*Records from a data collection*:
-------------------------

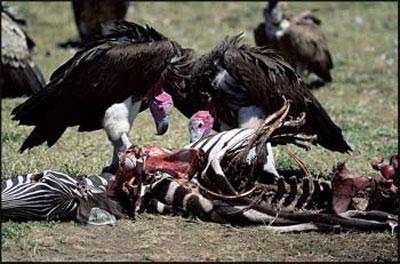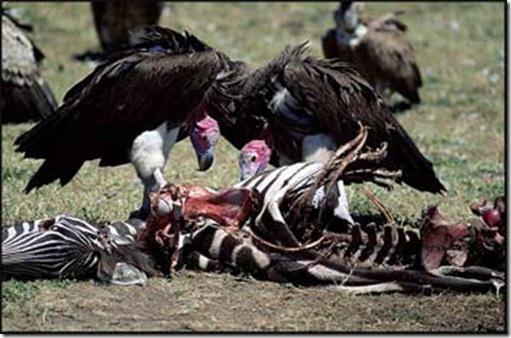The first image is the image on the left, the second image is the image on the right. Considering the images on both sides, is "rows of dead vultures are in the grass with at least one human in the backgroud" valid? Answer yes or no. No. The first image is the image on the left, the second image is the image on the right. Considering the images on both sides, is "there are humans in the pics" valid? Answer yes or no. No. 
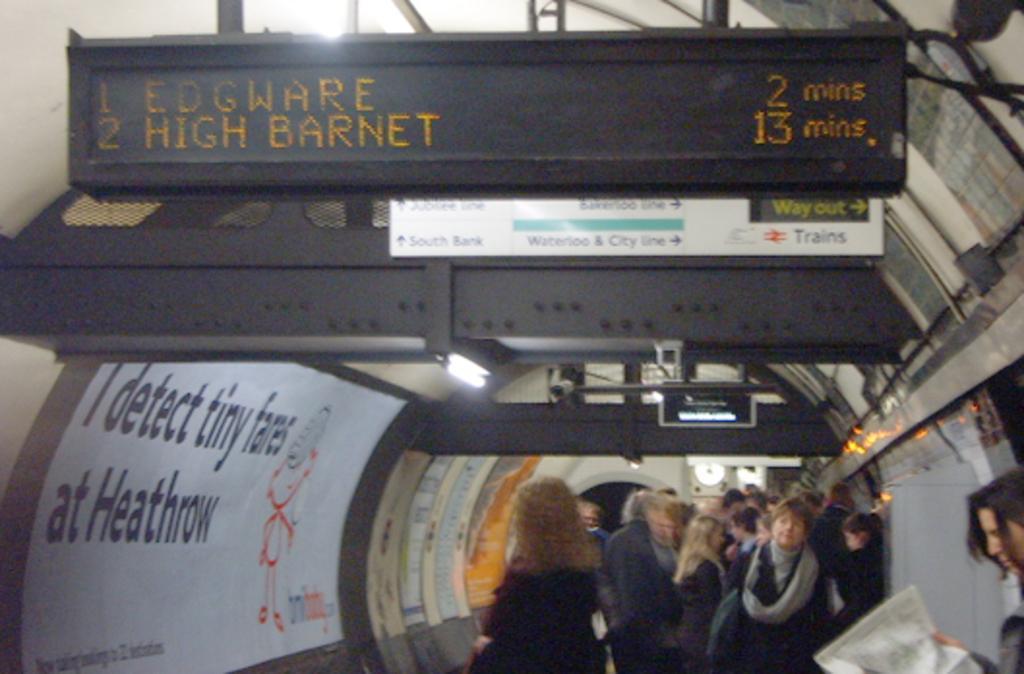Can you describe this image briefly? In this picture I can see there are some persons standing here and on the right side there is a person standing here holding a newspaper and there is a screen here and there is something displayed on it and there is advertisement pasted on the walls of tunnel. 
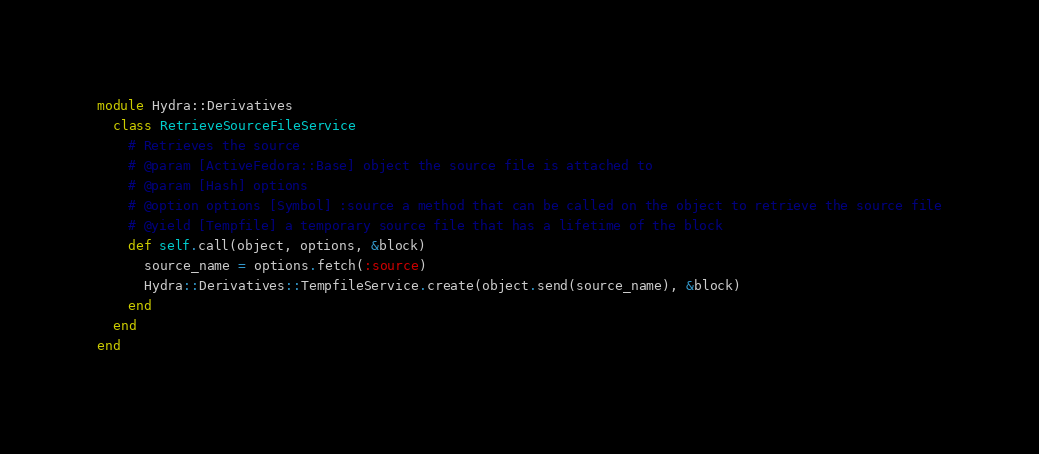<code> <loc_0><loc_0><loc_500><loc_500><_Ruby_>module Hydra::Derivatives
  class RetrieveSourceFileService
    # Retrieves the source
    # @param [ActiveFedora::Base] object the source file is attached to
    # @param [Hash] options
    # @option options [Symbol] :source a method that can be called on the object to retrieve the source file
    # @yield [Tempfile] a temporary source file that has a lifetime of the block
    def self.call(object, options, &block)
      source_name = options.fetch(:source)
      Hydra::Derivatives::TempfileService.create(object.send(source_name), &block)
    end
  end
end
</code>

-------------------------

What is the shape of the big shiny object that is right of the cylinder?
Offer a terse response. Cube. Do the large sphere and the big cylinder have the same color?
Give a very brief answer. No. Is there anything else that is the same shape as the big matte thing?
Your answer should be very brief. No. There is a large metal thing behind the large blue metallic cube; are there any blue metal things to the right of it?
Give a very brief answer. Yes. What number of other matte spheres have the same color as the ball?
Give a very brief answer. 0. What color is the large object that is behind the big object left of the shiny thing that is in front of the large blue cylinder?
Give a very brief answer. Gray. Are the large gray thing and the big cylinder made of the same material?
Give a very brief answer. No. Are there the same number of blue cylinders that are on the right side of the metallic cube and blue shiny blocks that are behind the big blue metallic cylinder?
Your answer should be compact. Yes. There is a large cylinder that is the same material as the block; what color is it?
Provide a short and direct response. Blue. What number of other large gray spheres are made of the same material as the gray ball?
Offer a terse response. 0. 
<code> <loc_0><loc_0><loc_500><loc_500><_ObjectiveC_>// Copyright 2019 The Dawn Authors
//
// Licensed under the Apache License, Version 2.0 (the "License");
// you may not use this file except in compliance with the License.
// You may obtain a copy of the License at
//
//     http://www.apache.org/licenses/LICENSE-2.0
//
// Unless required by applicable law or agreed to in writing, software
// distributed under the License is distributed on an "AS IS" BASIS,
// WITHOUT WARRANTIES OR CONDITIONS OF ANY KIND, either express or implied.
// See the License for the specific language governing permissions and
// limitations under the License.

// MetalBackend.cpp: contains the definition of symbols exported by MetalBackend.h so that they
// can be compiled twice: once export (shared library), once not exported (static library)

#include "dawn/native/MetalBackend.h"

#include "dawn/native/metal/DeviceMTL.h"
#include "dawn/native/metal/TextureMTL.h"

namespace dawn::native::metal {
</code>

-------------------------

*What is being asked*:
Above are some lines. Repeat exactly, and only, those from the line that has "Give a very brief answer. No. Is" through the line that has "Give a very brief answer. Gray.".

*Response to the task*:
Give a very brief answer. No. Is there anything else that is the same shape as the big matte thing?
Your answer should be very brief. No. There is a large metal thing behind the large blue metallic cube; are there any blue metal things to the right of it?
Give a very brief answer. Yes. What number of other matte spheres have the same color as the ball?
Give a very brief answer. 0. What color is the large object that is behind the big object left of the shiny thing that is in front of the large blue cylinder?
Give a very brief answer. Gray. Are the large gray thing and the big cylinder made of the same material?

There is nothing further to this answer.